With 25 Years of Experience, Lecturer Dustin Navarro Brings Real-World Context to the Latest Infosec Topics
Lecturer, Computer Science
IT Manager, Water Utility in California
MS, Boston University (MET’13); BS, University of California, Davis
What is your area of expertise?
My area of expertise is in information security. I have experience in both the private sector in the legal industry and in the public sector. In my day-to-day I direct the security of a critical infrastructure, so much of what I teach is based on real applications in this space. While I have a broad security background, my focus is on incident response, including vulnerability management, cyberforensics, and disaster recovery.
Please tell us about your work. Any current projects underway?
My responsibilities include the program management and security of enterprise systems (financial, billing, maintenance, reporting) for critical infrastructure. Currently, we are in the process of the annexation of another utilities service area. This extensive project will encompass taking over billing and financial systems and transitioning new customers. This initiative has significant infosec implications, as annexed systems need to be reconfigured, secured (and segmented), audited, and managed. There are significant compliance requirements (including PCI) that need to be managed during this process.
As for recent engagements, this past January I attended the 2020 California Society of Municipal Finance Officers (CSMFO) Annual Conference, where I shared “Not Just Another ERP Presentation: Two Agencies’ Experiences,” which covered lessons learned and best practices for a Financial ERP Implementation.
How does the subject you work in apply in practice? What is its application?

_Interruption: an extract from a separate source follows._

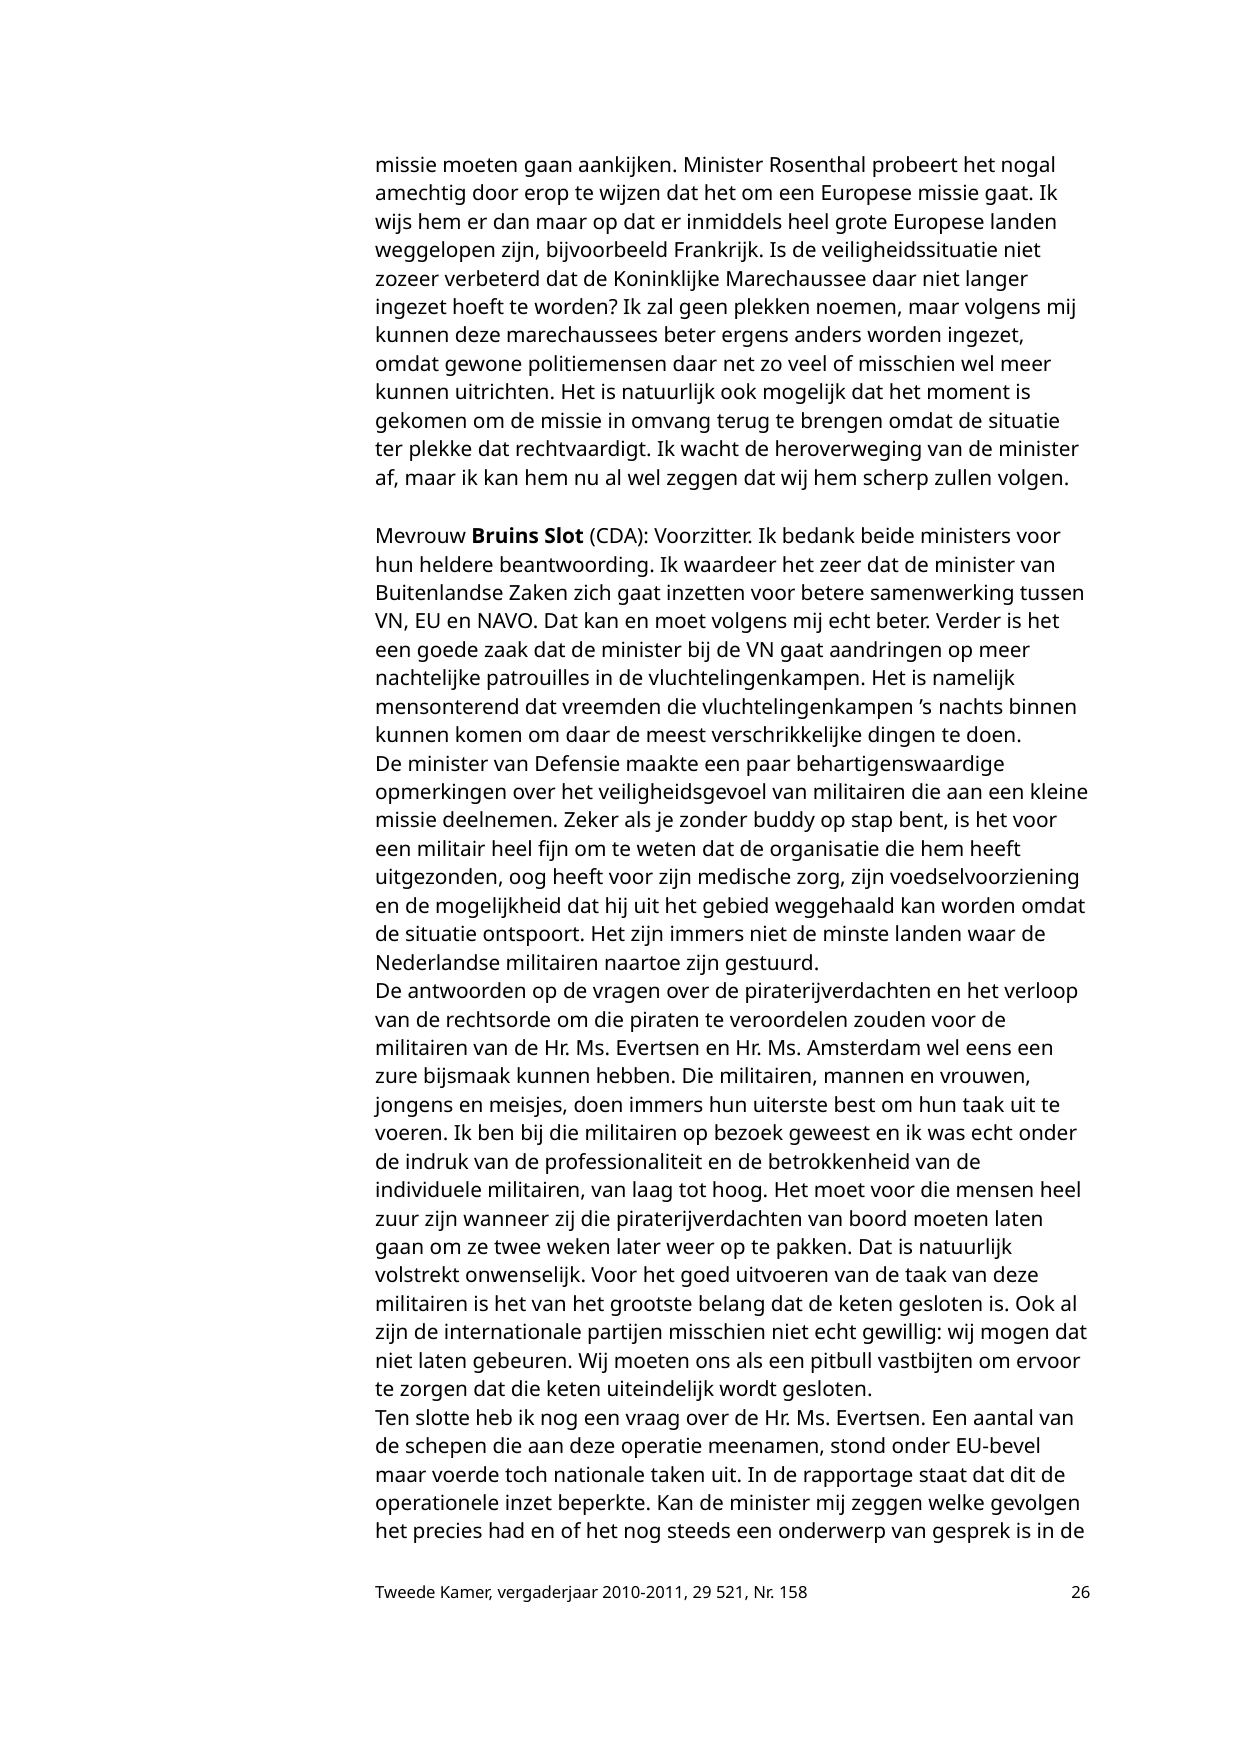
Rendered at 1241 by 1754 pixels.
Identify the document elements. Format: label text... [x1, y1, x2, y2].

At BU, I instruct across several areas of infosec and cyberforensics. Students hear “real-life” applications of the lesson through my experiences within the industry. Each semester, I incorporate into the coursework challenges we see securing infrastructure. For my digital forensics courses, recent discussions have focused on the emergence and evolution of ransomware in both the public and private sectors. I like to provide real examples of challenges that may emerge during an investigation. Incident response is a key topic in forensic investigations.
What courses do you teach at BU MET?
Currently, I teach Digital Forensics and Investigations (MET CS 693) and Mobile Forensics(MET CS 694). I have also taught courses in network and database forensics.
Please highlight a particular project within these courses that most interests your students. What “real-life” exercises do you bring to class?
The emergence of ransomware in the industry has been a very important topic to cover in the coursework. In the labs, students learn how to determine if something is encrypted, what type of encryption may be in use, steps to take if encryption is detected, and best practices when trying to defeat encryption. In the past, the “time sensitivity” of dealing with encryption has not been a major topic. Now detecting and defeating encryption has become an important part of the incident response process. There are implications to the business or end user to consider.
As a part-time faculty member, you straddle the professional and the academic worlds. What do you consider to be the unique value this brings to the classroom?
I love being able to speak to students about the “real” challenges we see in the day-to-day industry. Providing them with context through real examples is key, and makes the course as topical as it can be. I have worked within information technology in both the legal and public sector for over 25 years. That is a lot of lessons learned! Being able to share those experiences and provide context to coursework is a joy.
I firmly believe that part-time faculty can provide valuable industry experience—key context that will enhance the student’s learning.